- Task requirements: An exact restatement of the data is required, with the images omitted.

━━━━━ Supplied data

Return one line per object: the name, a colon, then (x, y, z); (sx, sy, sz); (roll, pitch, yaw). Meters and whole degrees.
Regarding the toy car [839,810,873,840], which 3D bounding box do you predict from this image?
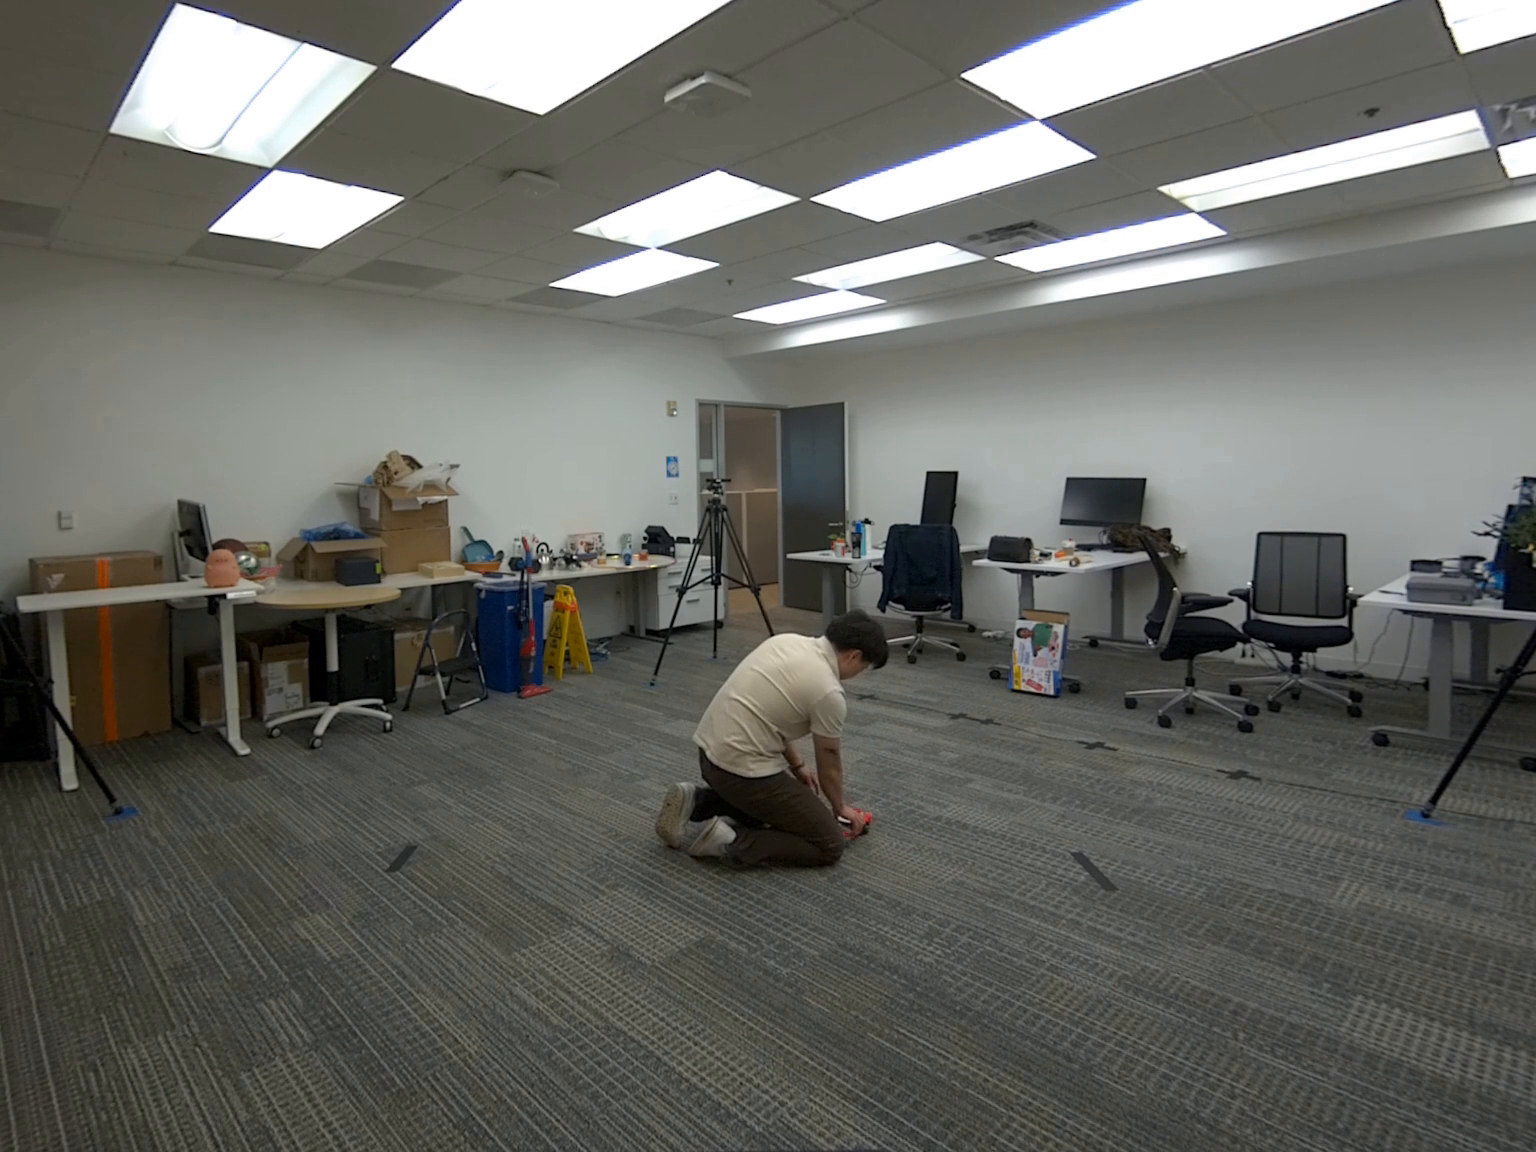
toy car: (0.311, 0.975, 3.332); (0.134, 0.082, 0.250); (5, 20, 39)

━━━━━━━━━━

- Answer section:
Return one line per object: the name, a colon, then (x, y, z); (sx, sy, sz); (roll, pitch, yaw). Meters and whole degrees.
Regarding the toy car [839,810,873,840], which 3D bounding box do you predict from this image?
toy car: (0.311, 0.975, 3.332); (0.134, 0.082, 0.250); (5, 20, 39)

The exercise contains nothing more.